Her body trembled but she managed to hold her ground. Unfortunately she didn't step past him or retreat into the spare room. What kind of game was he playing?

“We're talking about Amanda's nightmares. Right?”

He glanced away. Suddenly she didn't think Amanda was the only one who was afraid.

“Gerard had them. I did, too. No shame in it.”

“You?” he asked.

“I got some help. No shame in that either. But if you're asking me to tuck you in, I'm going to have to say no.”

“I want more than that, Cassidy. I think you do, too.”

“What about your reputation?” she asked. “Pillar of the community. Tribal leader. Bastion of Apache culture.” She hoped he heard the contempt in her words. She didn't like being treated like an undesirable merely because of her race.

“I will need to choose soon. There are several women who are interested. All Apache women.”

“So why point out your bedroom to me?”

He stepped closer. “Because you are different.”

She flipped her blond hair. “I'll say.”

He took hold of her arm. “No, Cassidy. I don't mean the way you look or the way you smell or your choice of undergarments, which are...memorable. And though you are a beautiful woman. It's deeper than that. You know. You understand what it was like.”

And then it made sense, the thing that none of the other women of his tribe could offer. They had not seen action in the Middle East. They had not experienced a war and survived and none of them had lost loved ones to that terrible war.

“How do you do it?” he asked.

“What?”

“Keep fighting?”

“Because it's not over,” she said.

“It will never be over,” he said. “Just like the battle to keep our land and our heritage. The struggle stretches through generations.”

He looked away, staring into the darkness.

“That's true,” he said at last.

“Luke says you don't carry a personal weapon. That you don't hunt.”

“I have done enough hunting for a lifetime.”

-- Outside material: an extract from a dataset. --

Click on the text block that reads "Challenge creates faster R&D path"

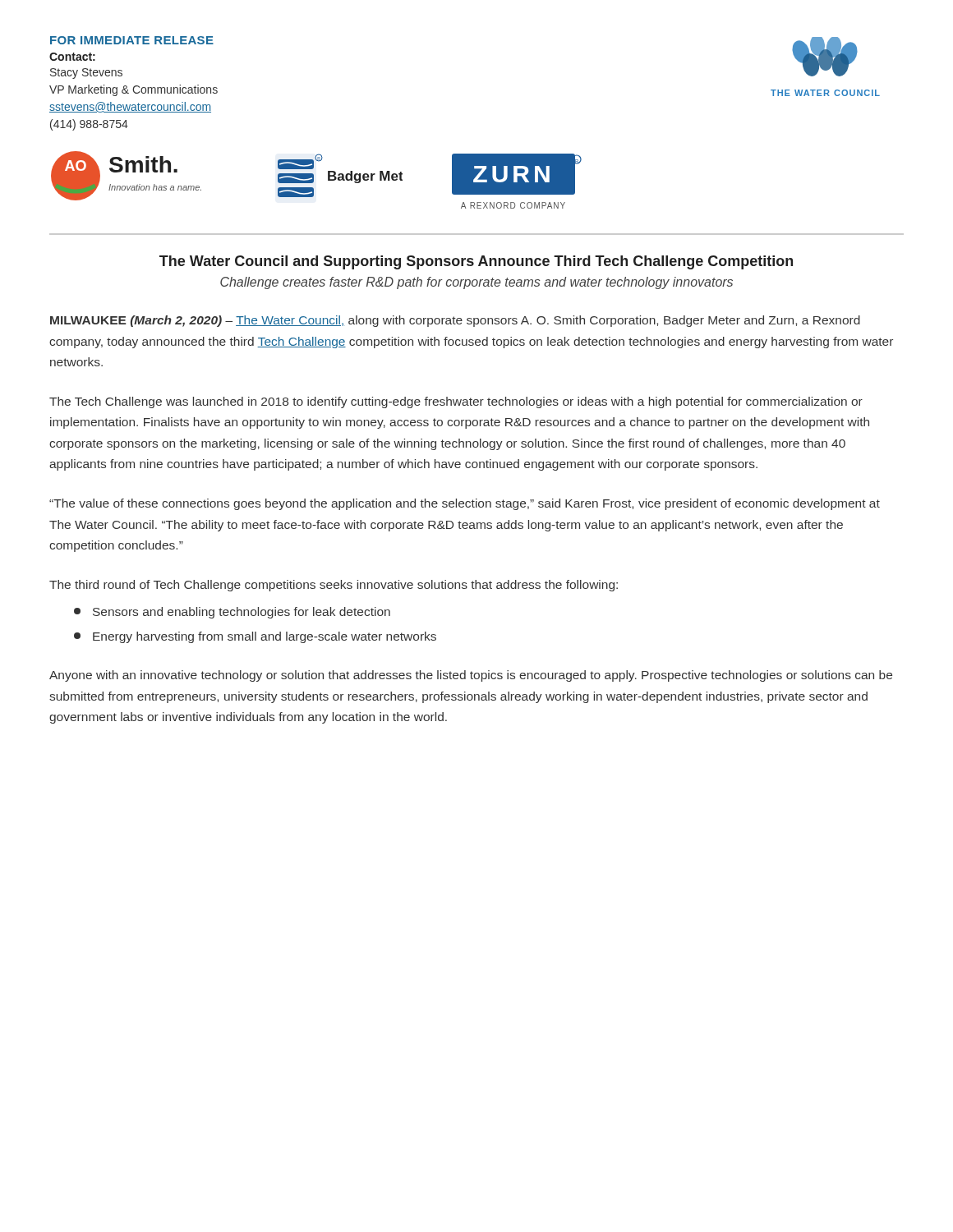pos(476,282)

“But someone is trying to kill you. You should take some steps to protect yourself.”

“No.”

“You might die.”

“Yes. But I will not die with a gun in my hand.”

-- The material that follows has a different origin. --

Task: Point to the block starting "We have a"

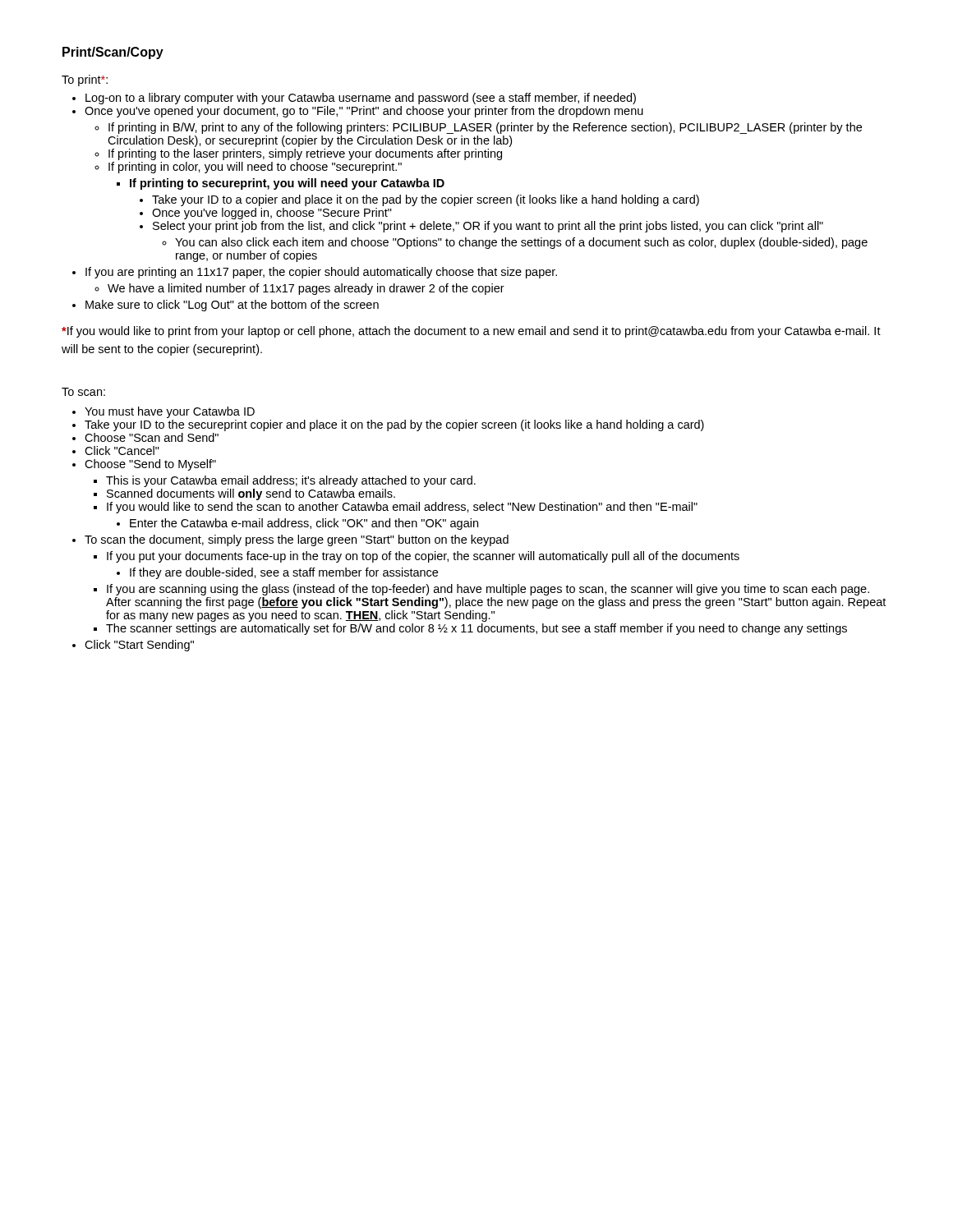Action: (x=499, y=288)

They shared a moment of silence as each considered their choice. To wear a gun. To set it aside forever.

“Do you remember them all?” she asked.

He met her intent gaze. “Every one. And that's not all. I remember the weather, the location, the moment just before I squeezed that trigger.” He sighted an imaginary rifle and looked through his imaginary scope. Then he moved his index finger and made the sound of the discharge. Cassidy flinched. He lowered his hands to his sides.

“You?”

“I remember. The second one was worse. Parker refused to put down his weapon. He pointed it toward me and I fired twice to mass.”

He took her hand.

“And I remember the smell of blood and the sound of him trying to breathe with two punctured lungs.”

“It's easy to take a life,” he said. “Hard to live with, though. You understand that.”

This was what attracted him, he realized. What made her different from all the rest of the women in his life. Cassidy knew what it was to fight to defend her life and live with the aftermath.

“But I saw someone afterward. A counselor. It helped, Clyne. You should try it.”

His hand slipped from hers. “I don't think so.”

“They have a program, some of the counselors are vets. They've seen action. They understand. They don't judge you. Just help you talk it out. I have a connection there.”

He hesitated, actually considering it. Then he shook his head.

“I'd go with you if you'd like.”

He checked to see if there was some joke associated with her offer, some smirk or facial expression. All he saw was earnestness and compassion. It was his undoing.